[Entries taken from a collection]
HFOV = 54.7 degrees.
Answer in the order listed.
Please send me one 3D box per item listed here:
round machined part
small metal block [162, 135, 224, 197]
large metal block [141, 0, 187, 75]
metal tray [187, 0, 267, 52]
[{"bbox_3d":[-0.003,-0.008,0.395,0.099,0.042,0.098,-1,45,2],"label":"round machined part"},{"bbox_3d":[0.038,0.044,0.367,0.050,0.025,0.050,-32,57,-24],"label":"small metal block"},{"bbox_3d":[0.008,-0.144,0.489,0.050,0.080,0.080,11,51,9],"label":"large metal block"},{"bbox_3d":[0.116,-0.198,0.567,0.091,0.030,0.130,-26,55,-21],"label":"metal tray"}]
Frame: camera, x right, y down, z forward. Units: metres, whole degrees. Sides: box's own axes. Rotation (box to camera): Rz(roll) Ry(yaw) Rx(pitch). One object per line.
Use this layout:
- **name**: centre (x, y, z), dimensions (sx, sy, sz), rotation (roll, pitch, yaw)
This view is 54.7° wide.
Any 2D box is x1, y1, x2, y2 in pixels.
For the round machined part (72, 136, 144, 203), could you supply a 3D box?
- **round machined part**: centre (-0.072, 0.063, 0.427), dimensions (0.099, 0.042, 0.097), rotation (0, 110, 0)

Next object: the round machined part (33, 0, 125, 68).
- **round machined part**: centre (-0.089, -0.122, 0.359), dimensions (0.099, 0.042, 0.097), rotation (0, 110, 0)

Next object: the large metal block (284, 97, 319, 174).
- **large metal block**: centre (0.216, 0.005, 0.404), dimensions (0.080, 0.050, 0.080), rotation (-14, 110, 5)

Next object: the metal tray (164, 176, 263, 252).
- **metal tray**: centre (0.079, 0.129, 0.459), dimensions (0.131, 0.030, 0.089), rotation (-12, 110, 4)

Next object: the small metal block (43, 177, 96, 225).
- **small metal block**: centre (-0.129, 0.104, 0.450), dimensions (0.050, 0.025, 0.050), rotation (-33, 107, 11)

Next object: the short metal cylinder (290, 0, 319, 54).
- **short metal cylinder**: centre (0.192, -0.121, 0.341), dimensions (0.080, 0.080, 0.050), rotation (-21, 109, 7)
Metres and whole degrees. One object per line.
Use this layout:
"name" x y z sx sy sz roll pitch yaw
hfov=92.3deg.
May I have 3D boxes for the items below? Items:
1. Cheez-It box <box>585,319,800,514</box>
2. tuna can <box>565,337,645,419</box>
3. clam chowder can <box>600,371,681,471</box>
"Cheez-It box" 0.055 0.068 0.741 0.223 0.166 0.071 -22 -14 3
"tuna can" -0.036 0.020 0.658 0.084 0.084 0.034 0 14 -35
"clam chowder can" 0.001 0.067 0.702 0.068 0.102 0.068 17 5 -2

_WORK ITEM_. Please copy each line of the entries in which the word "degrees" shows up.

_ANSWER AREA_.
HFOV = 54.7 degrees.
Frame: camera, x right, y down, z forward. Units: metres, whole degrees. Sides: box's own axes. Rotation (box to camera): Rz(roll) Ry(yaw) Rx(pitch). One object per line.
Metres and whole degrees. One object per line.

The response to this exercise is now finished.